Leaving out the pictures, retype the lines from the beginning of the listing through the line containing "562, 1087, 606]".
══ GIVEN RECORDS ══
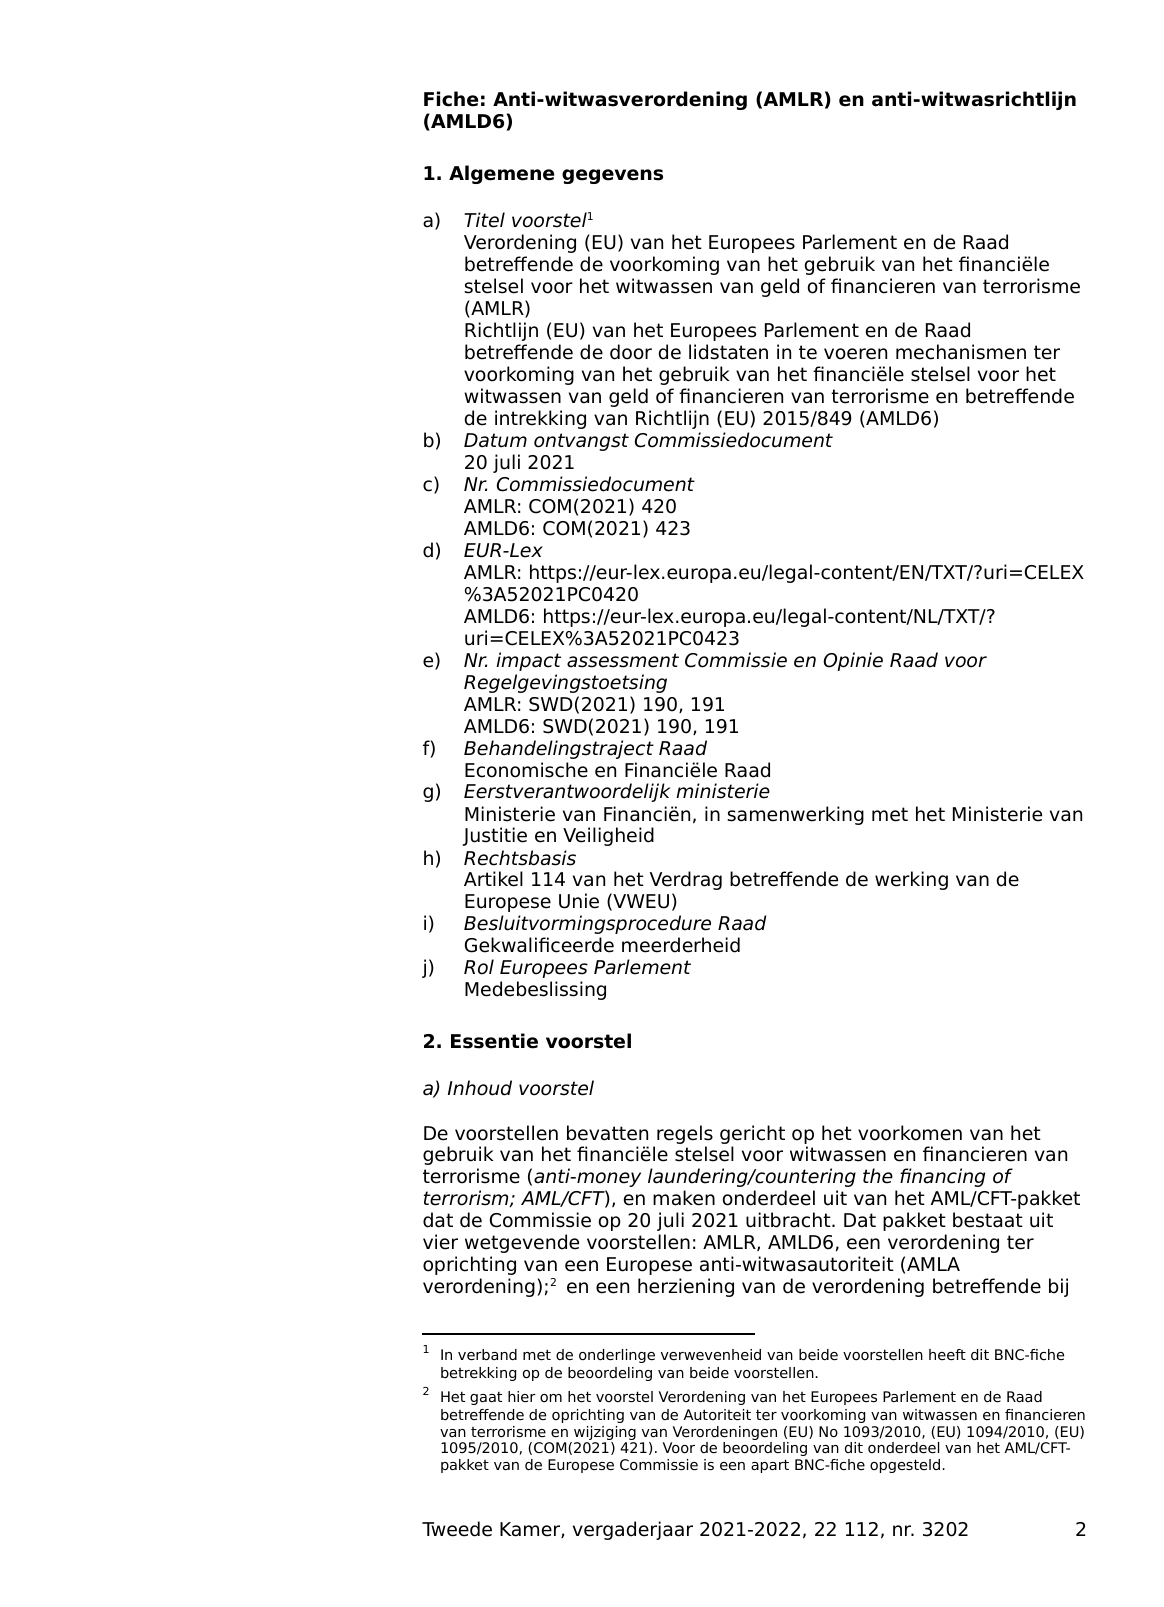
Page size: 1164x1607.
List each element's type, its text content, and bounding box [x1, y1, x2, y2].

text f) Behandelingstraject Raad [422, 737, 1087, 759]
text Verordening (EU) van het Europees Parlement en de Raad betreffende de voorkoming van het gebruik van het financiële stelsel voor het witwassen van geld of financieren van terrorisme (AMLR) [464, 232, 1087, 320]
subtitle 1. Algemene gegevens [422, 163, 1087, 185]
text AMLD6: COM(2021) 423 [464, 518, 1087, 540]
subtitle a) Inhoud voorstel [422, 1078, 1087, 1100]
text i) Besluitvormingsprocedure Raad [422, 913, 1087, 935]
text AMLR: SWD(2021) 190, 191 [464, 693, 1087, 716]
text AMLR: https://eur-lex.europa.eu/legal-content/EN/TXT/?uri=CELEX%3A52021PC0420 [464, 562, 1087, 606]
text e) Nr. impact assessment Commissie en Opinie Raad voor Regelgevingstoetsing [422, 649, 1087, 693]
text Richtlijn (EU) van het Europees Parlement en de Raad betreffende de door de lidstaten in te voeren mechanismen ter voorkoming van het gebruik van het financiële stelsel voor het witwassen van geld of financieren van terrorisme en betreffende de intrekking van Richtlijn (EU) 2015/849 (AMLD6) [464, 320, 1087, 430]
text g) Eerstverantwoordelijk ministerie [422, 781, 1087, 803]
text c) Nr. Commissiedocument [422, 474, 1087, 496]
text De voorstellen bevatten regels gericht op het voorkomen van het gebruik van het financiële stelsel voor witwassen en financieren van terrorisme (anti-money laundering/countering the financing of terrorism; AML/CFT), en maken onderdeel uit van het AML/CFT-pakket dat de Commissie op 20 juli 2021 uitbracht. Dat pakket bestaat uit vier wetgevende voorstellen: AMLR, AMLD6, een verordening ter oprichting van een Europese anti-witwasautoriteit (AMLA verordening); en een herziening van de verordening betreffende bij [422, 1122, 1087, 1298]
text AMLD6: SWD(2021) 190, 191 [464, 716, 1087, 737]
text Ministerie van Financiën, in samenwerking met het Ministerie van Justitie en Veiligheid [464, 803, 1087, 847]
text j) Rol Europees Parlement [422, 957, 1087, 979]
text Het gaat hier om het voorstel Verordening van het Europees Parlement en de Raad betreffende de oprichting van de Autoriteit ter voorkoming van witwassen en financieren van terrorisme en wijziging van Verordeningen (EU) No 1093/2010, (EU) 1094/2010, (EU) 1095/2010, (COM(2021) 421). Voor de beoordeling van dit onderdeel van het AML/CFT-pakket van de Europese Commissie is een apart BNC-fiche opgesteld. [422, 1385, 1087, 1474]
text a) Titel voorstel [422, 210, 1087, 232]
text Artikel 114 van het Verdrag betreffende de werking van de Europese Unie (VWEU) [464, 869, 1087, 913]
text AMLD6: https://eur-lex.europa.eu/legal-content/NL/TXT/?uri=CELEX%3A52021PC0423 [464, 606, 1087, 649]
text Economische en Financiële Raad [464, 759, 1087, 781]
text In verband met de onderlinge verwevenheid van beide voorstellen heeft dit BNC-fiche betrekking op de beoordeling van beide voorstellen. [422, 1343, 1087, 1382]
subtitle 2. Essentie voorstel [422, 1031, 1087, 1053]
text Medebeslissing [464, 979, 1087, 1001]
text Gekwalificeerde meerderheid [464, 935, 1087, 957]
text b) Datum ontvangst Commissiedocument [422, 430, 1087, 452]
subtitle Fiche: Anti-witwasverordening (AMLR) en anti-witwasrichtlijn (AMLD6) [422, 89, 1087, 133]
text d) EUR-Lex [422, 540, 1087, 562]
text 20 juli 2021 [464, 452, 1087, 474]
text h) Rechtsbasis [422, 847, 1087, 869]
text AMLR: COM(2021) 420 [464, 496, 1087, 518]
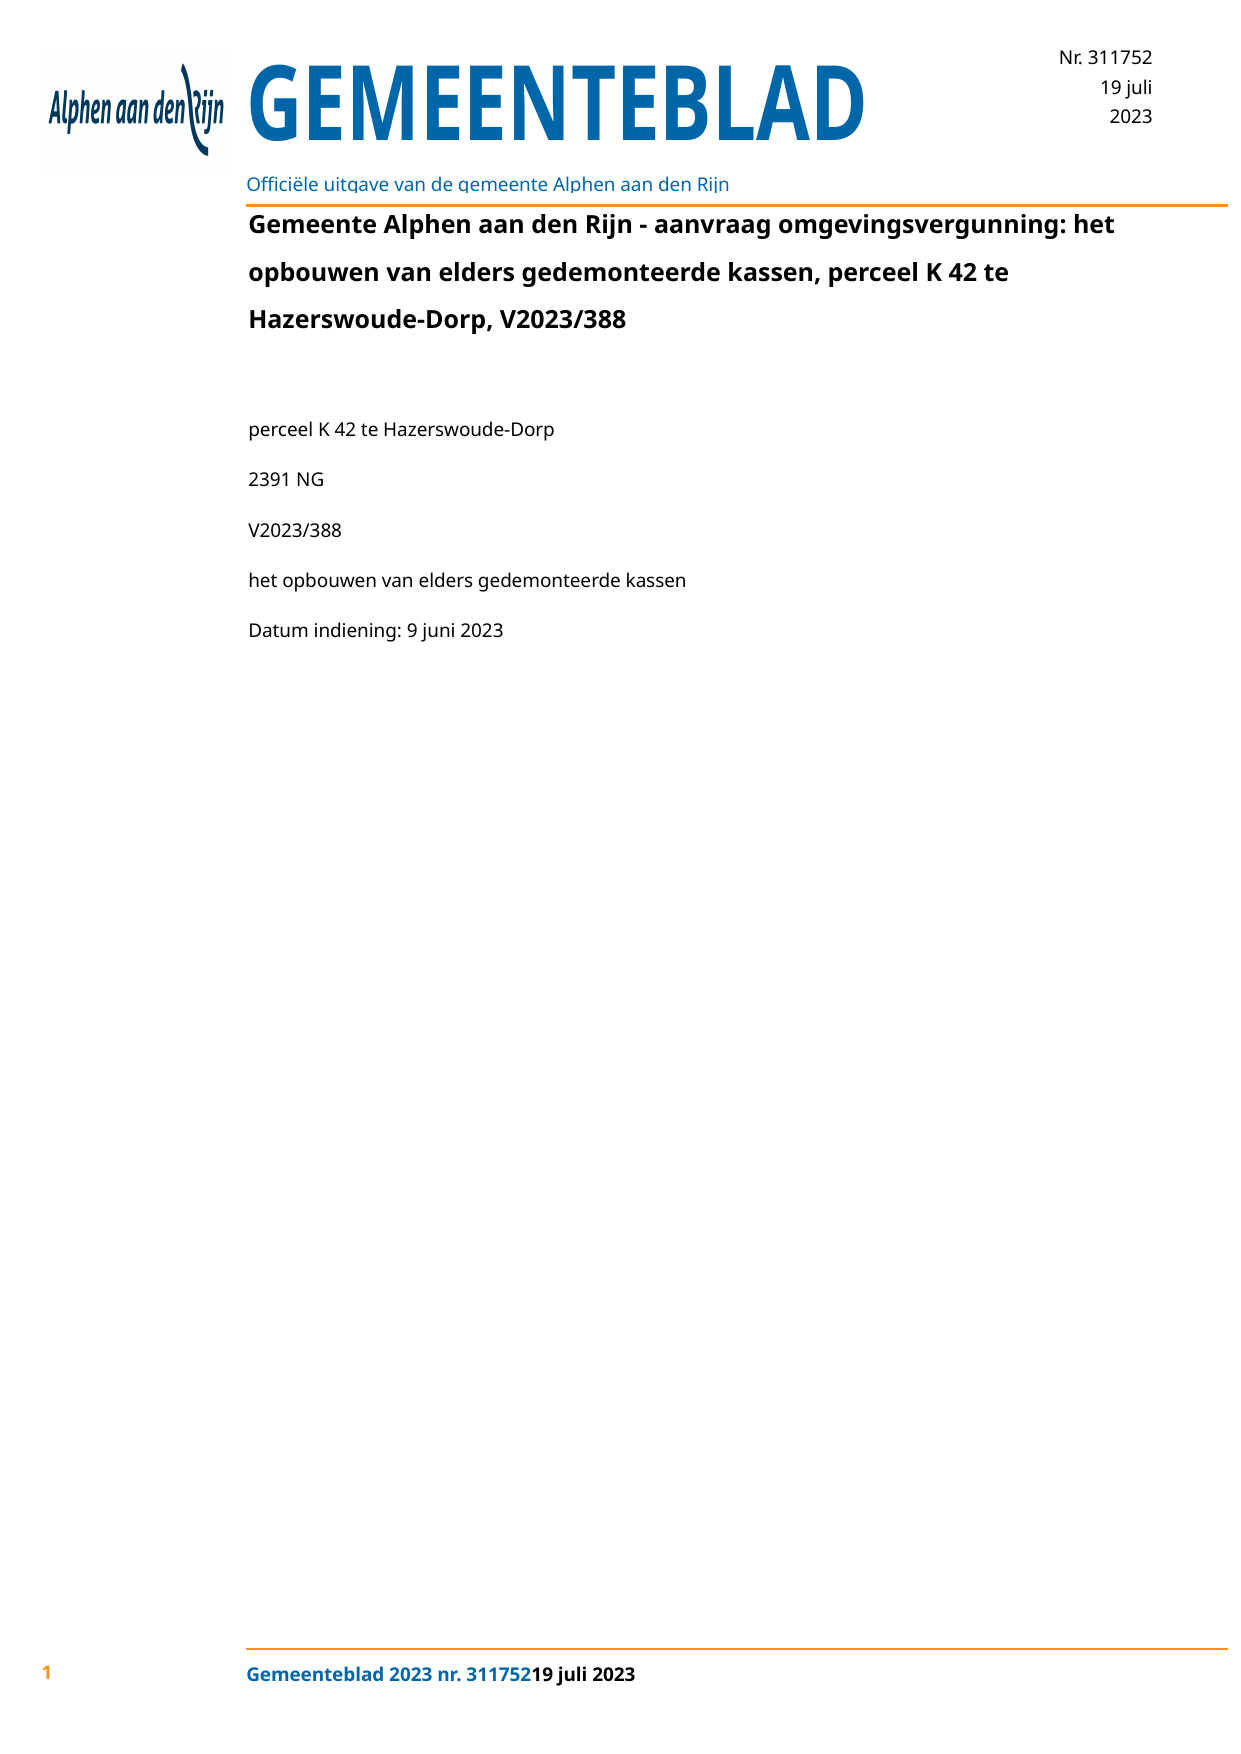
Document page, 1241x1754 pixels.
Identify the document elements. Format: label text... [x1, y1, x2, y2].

text Gemeente Alphen aan den Rijn - aanvraag omgevingsvergunning: het opbouwen van elders gedemonteerde kassen, perceel K 42 te Hazerswoude-Dorp, V2023/388 [248, 207, 1152, 336]
text Datum indiening: 9 juni 2023 [248, 618, 1152, 643]
text perceel K 42 te Hazerswoude-Dorp [248, 416, 1152, 442]
text het opbouwen van elders gedemonteerde kassen [248, 567, 1152, 593]
text V2023/388 [248, 517, 1152, 542]
text 2391 NG [248, 466, 1152, 492]
picture [41, 47, 231, 172]
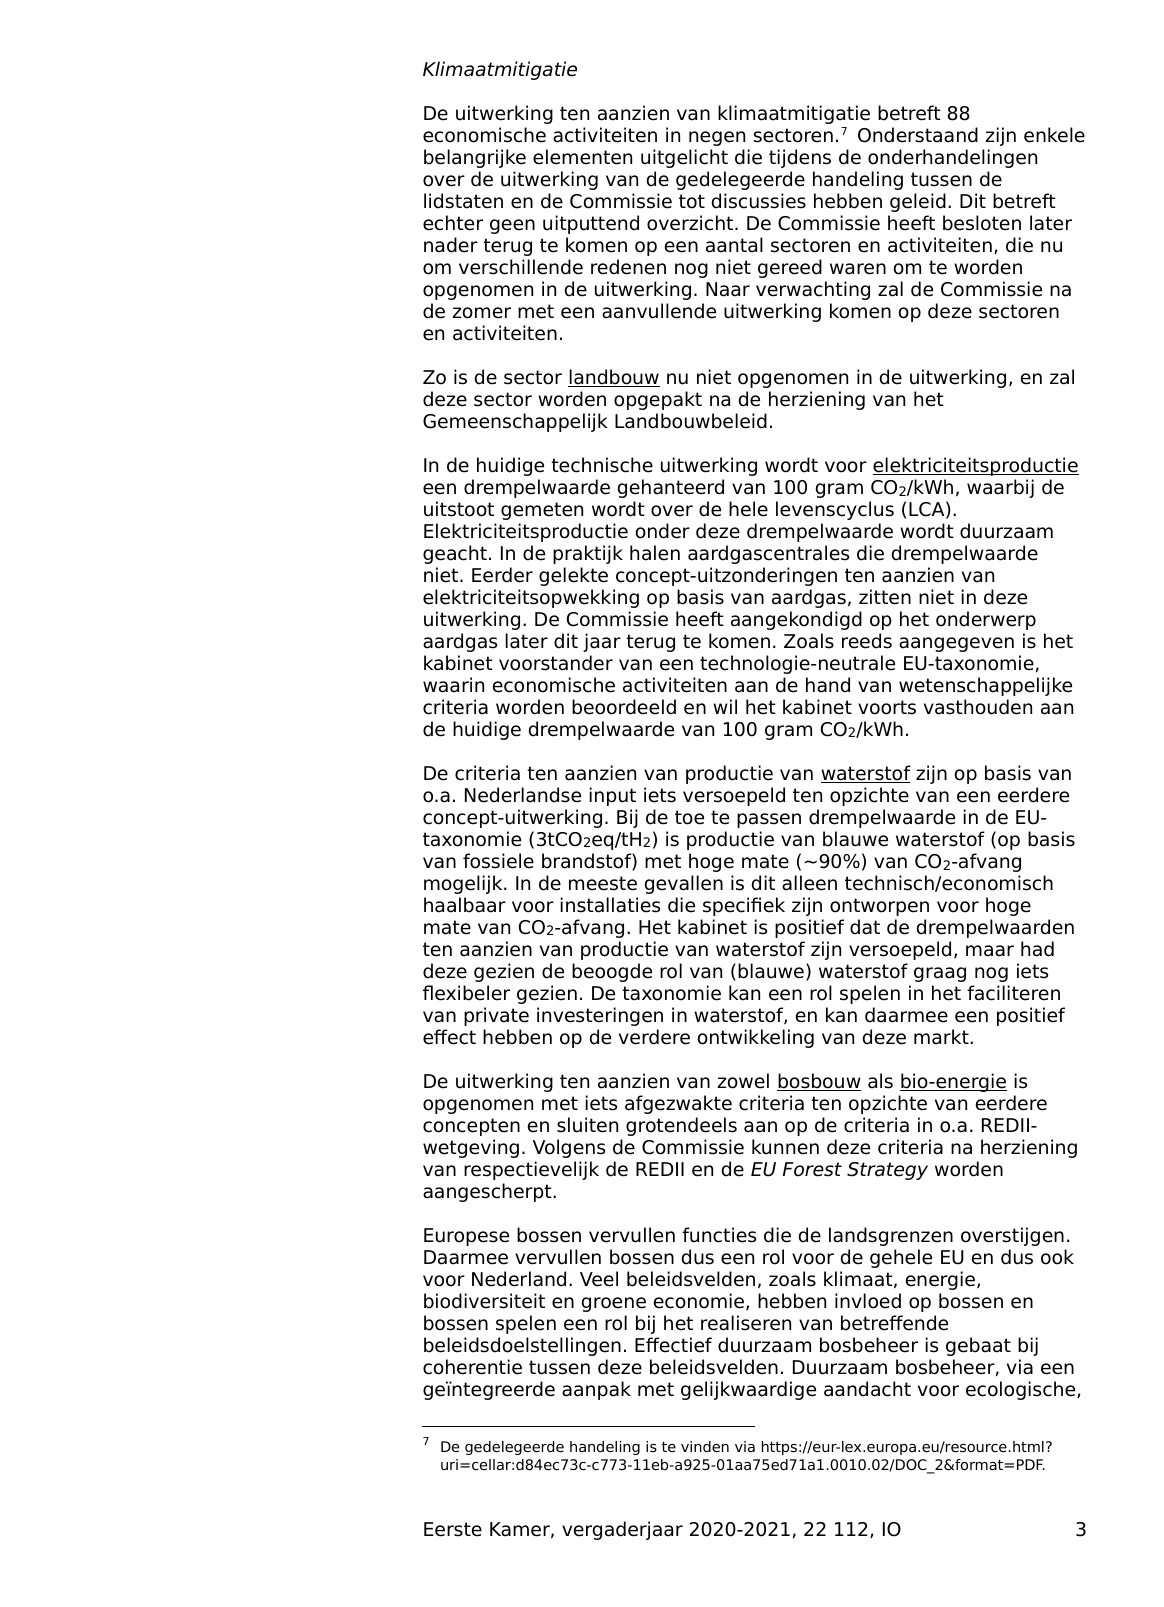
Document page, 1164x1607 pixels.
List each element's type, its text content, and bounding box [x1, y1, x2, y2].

text De uitwerking ten aanzien van klimaatmitigatie betreft 88 economische activiteiten in negen sectoren. Onderstaand zijn enkele belangrijke elementen uitgelicht die tijdens de onderhandelingen over de uitwerking van de gedelegeerde handeling tussen de lidstaten en de Commissie tot discussies hebben geleid. Dit betreft echter geen uitputtend overzicht. De Commissie heeft besloten later nader terug te komen op een aantal sectoren en activiteiten, die nu om verschillende redenen nog niet gereed waren om te worden opgenomen in de uitwerking. Naar verwachting zal de Commissie na de zomer met een aanvullende uitwerking komen op deze sectoren en activiteiten. [422, 103, 1087, 345]
text De criteria ten aanzien van productie van waterstof zijn op basis van o.a. Nederlandse input iets versoepeld ten opzichte van een eerdere concept-uitwerking. Bij de toe te passen drempelwaarde in de EU-taxonomie (3tCO2eq/tH2) is productie van blauwe waterstof (op basis van fossiele brandstof) met hoge mate (~90%) van CO2-afvang mogelijk. In de meeste gevallen is dit alleen technisch/economisch haalbaar voor installaties die specifiek zijn ontworpen voor hoge mate van CO2-afvang. Het kabinet is positief dat de drempelwaarden ten aanzien van productie van waterstof zijn versoepeld, maar had deze gezien de beoogde rol van (blauwe) waterstof graag nog iets flexibeler gezien. De taxonomie kan een rol spelen in het faciliteren van private investeringen in waterstof, en kan daarmee een positief effect hebben op de verdere ontwikkeling van deze markt. [422, 763, 1087, 1049]
text De uitwerking ten aanzien van zowel bosbouw als bio-energie is opgenomen met iets afgezwakte criteria ten opzichte van eerdere concepten en sluiten grotendeels aan op de criteria in o.a. REDII-wetgeving. Volgens de Commissie kunnen deze criteria na herziening van respectievelijk de REDII en de EU Forest Strategy worden aangescherpt. [422, 1071, 1087, 1203]
text De gedelegeerde handeling is te vinden via https://eur-lex.europa.eu/resource.html?uri=cellar:d84ec73c-c773-11eb-a925-01aa75ed71a1.0010.02/DOC_2&format=PDF. [422, 1435, 1087, 1474]
text In de huidige technische uitwerking wordt voor elektriciteitsproductie een drempelwaarde gehanteerd van 100 gram CO2/kWh, waarbij de uitstoot gemeten wordt over de hele levenscyclus (LCA). Elektriciteitsproductie onder deze drempelwaarde wordt duurzaam geacht. In de praktijk halen aardgascentrales die drempelwaarde niet. Eerder gelekte concept-uitzonderingen ten aanzien van elektriciteitsopwekking op basis van aardgas, zitten niet in deze uitwerking. De Commissie heeft aangekondigd op het onderwerp aardgas later dit jaar terug te komen. Zoals reeds aangegeven is het kabinet voorstander van een technologie-neutrale EU-taxonomie, waarin economische activiteiten aan de hand van wetenschappelijke criteria worden beoordeeld en wil het kabinet voorts vasthouden aan de huidige drempelwaarde van 100 gram CO2/kWh. [422, 455, 1087, 741]
text Zo is de sector landbouw nu niet opgenomen in de uitwerking, en zal deze sector worden opgepakt na de herziening van het Gemeenschappelijk Landbouwbeleid. [422, 367, 1087, 433]
subtitle Klimaatmitigatie [422, 59, 1087, 81]
text Europese bossen vervullen functies die de landsgrenzen overstijgen. Daarmee vervullen bossen dus een rol voor de gehele EU en dus ook voor Nederland. Veel beleidsvelden, zoals klimaat, energie, biodiversiteit en groene economie, hebben invloed op bossen en bossen spelen een rol bij het realiseren van betreffende beleidsdoelstellingen. Effectief duurzaam bosbeheer is gebaat bij coherentie tussen deze beleidsvelden. Duurzaam bosbeheer, via een geïntegreerde aanpak met gelijkwaardige aandacht voor ecologische, [422, 1225, 1087, 1401]
═══
■ RESULT BELOW
Page size: 1164x1607.
List each element's type, its text content, and bounding box [x1, y1, x2, y2].

text f) Behandelingstraject Raad [422, 737, 1087, 759]
text Verordening (EU) van het Europees Parlement en de Raad betreffende de voorkoming van het gebruik van het financiële stelsel voor het witwassen van geld of financieren van terrorisme (AMLR) [464, 232, 1087, 320]
subtitle 1. Algemene gegevens [422, 163, 1087, 185]
text AMLD6: COM(2021) 423 [464, 518, 1087, 540]
subtitle a) Inhoud voorstel [422, 1078, 1087, 1100]
text i) Besluitvormingsprocedure Raad [422, 913, 1087, 935]
text AMLR: SWD(2021) 190, 191 [464, 693, 1087, 716]
text AMLR: https://eur-lex.europa.eu/legal-content/EN/TXT/?uri=CELEX%3A52021PC0420 [464, 562, 1087, 606]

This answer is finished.